Baghdad—After 12 years of devastating
economic sanctions and regular U.S. bombings,
Iraqis have become accustomed to history
repeating itself through successive U.S.
administrations. With “little Bush,” as Iraqis
call the current U.S. president, threatening to
change the regime in Baghdad, people are again
bracing themselves for war.

Baghdad TV has been broadcasting
videos of Iraqi special forces training for
a U.S. invasion, and the chant “Down,
down Bush” (originally aimed at Bush’s
father during the Gulf War) is making a
comeback in Iraqi cities and villages.

For many here, the question isn’t
whether Bush will attack, but rather
when and under what pretext. Late last
month, the United Nations announced
that a new round of talks with Iraqi
officials, aimed at returning U.N.
weapons inspectors to Iraq, will be held
in Vienna in early July. As with the
U.S. bombing in December 1998, all
signals point to the inspections issue as a
possible breaking point for war.

In an interview at his office in Baghdad,
Tariq Aziz, deputy prime minister and a member of the Revolutionary Command Council,
Iraq’s central decision-making body, told In These Times that the Bush administration
may seek to use the inspectors “to prepare the ground for a military attack.”

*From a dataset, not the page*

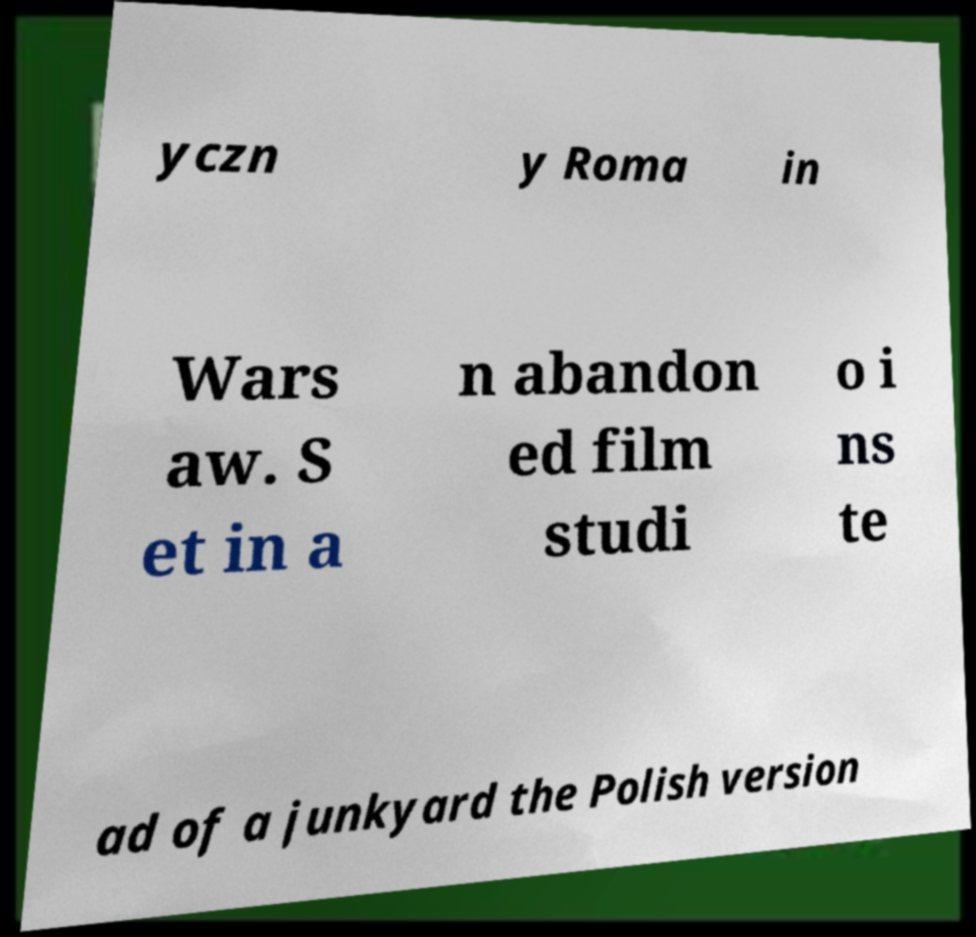There's text embedded in this image that I need extracted. Can you transcribe it verbatim? yczn y Roma in Wars aw. S et in a n abandon ed film studi o i ns te ad of a junkyard the Polish version

“Iraq is not producing any weapons of mass destruction,” Aziz insists. “All the pretexts
which are being used against Iraq and its leadership are false pretexts. The issue is oil; the
issue is to impose American imperialistic control over Iraq.”

Aziz says the Vienna talks will not be helpful unless weapons inspectors return as part of a
comprehensive U.N. plan to end Iraq’s isolation. “The inspectors stayed in Iraq for around
eight years,” he says, “and they did not report honestly to the Security Council that their
mission had been accomplished. If they return and go back to the previous vicious circle,
that’s not going to solve any problems for the people of Iraq.”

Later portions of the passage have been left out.